None explicitly stated, but the core argument can be summarized as: “existing methods for training self-correction typically depend on either multiple models, a more advanced model, or additional forms of supervision… SCoRe addresses these challenges by training under the model’s own distribution of self-generated correction traces and using appropriate regularization to steer the learning process into learning a self-correction behavior that is effective at test time…”

4. Primary Themes

  • Self-correction in LLMs: The central theme is improving the ability of LLMs to autonomously identify and correct their own mistakes.

  • Reinforcement Learning: The paper focuses on using RL as the primary training paradigm to address the limitations of supervised learning approaches.

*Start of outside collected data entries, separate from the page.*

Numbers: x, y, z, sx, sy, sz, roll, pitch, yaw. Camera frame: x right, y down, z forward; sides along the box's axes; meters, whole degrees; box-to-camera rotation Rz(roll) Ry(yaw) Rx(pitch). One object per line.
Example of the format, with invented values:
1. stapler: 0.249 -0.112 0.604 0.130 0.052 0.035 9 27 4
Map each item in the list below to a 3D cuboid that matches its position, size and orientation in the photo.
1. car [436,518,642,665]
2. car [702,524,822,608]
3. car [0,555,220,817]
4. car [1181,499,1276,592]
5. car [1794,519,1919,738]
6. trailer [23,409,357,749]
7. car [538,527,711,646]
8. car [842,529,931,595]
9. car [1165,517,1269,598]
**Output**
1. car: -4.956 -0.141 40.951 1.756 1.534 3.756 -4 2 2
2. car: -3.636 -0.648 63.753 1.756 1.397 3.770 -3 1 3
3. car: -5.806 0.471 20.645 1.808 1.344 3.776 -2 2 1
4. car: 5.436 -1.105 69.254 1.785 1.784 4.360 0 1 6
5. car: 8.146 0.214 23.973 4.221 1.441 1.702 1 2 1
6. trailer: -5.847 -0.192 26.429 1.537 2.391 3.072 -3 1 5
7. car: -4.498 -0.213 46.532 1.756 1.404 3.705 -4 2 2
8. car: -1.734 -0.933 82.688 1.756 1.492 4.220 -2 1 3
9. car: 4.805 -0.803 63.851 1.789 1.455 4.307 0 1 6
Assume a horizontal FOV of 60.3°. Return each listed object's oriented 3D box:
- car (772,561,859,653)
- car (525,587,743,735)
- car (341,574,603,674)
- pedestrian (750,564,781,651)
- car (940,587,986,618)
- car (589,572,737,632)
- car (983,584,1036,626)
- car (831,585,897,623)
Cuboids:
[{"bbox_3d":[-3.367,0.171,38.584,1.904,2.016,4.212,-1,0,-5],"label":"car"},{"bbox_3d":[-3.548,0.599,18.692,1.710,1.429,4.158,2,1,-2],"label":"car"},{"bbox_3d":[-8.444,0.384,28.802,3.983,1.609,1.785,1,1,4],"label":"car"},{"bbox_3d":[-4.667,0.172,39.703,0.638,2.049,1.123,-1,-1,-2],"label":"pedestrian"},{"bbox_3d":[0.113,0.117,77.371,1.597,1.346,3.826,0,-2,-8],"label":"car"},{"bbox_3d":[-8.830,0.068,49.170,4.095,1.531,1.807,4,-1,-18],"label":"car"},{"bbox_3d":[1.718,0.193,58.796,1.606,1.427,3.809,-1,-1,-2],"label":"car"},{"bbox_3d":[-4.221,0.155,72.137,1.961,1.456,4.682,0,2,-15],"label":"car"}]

  • Self-supervised Learning: The approach emphasizes learning from self-generated data, making it a form of self-supervised learning.

  • Overcoming Limitations of SFT and Standard RL: The authors extensively analyze the shortcomings of existing techniques, highlighting the need for a novel approach like SCoRe.

  • Benchmarking and Evaluation: The paper rigorously evaluates SCoRe’s performance against baselines and other state-of-the-art methods on established benchmarks.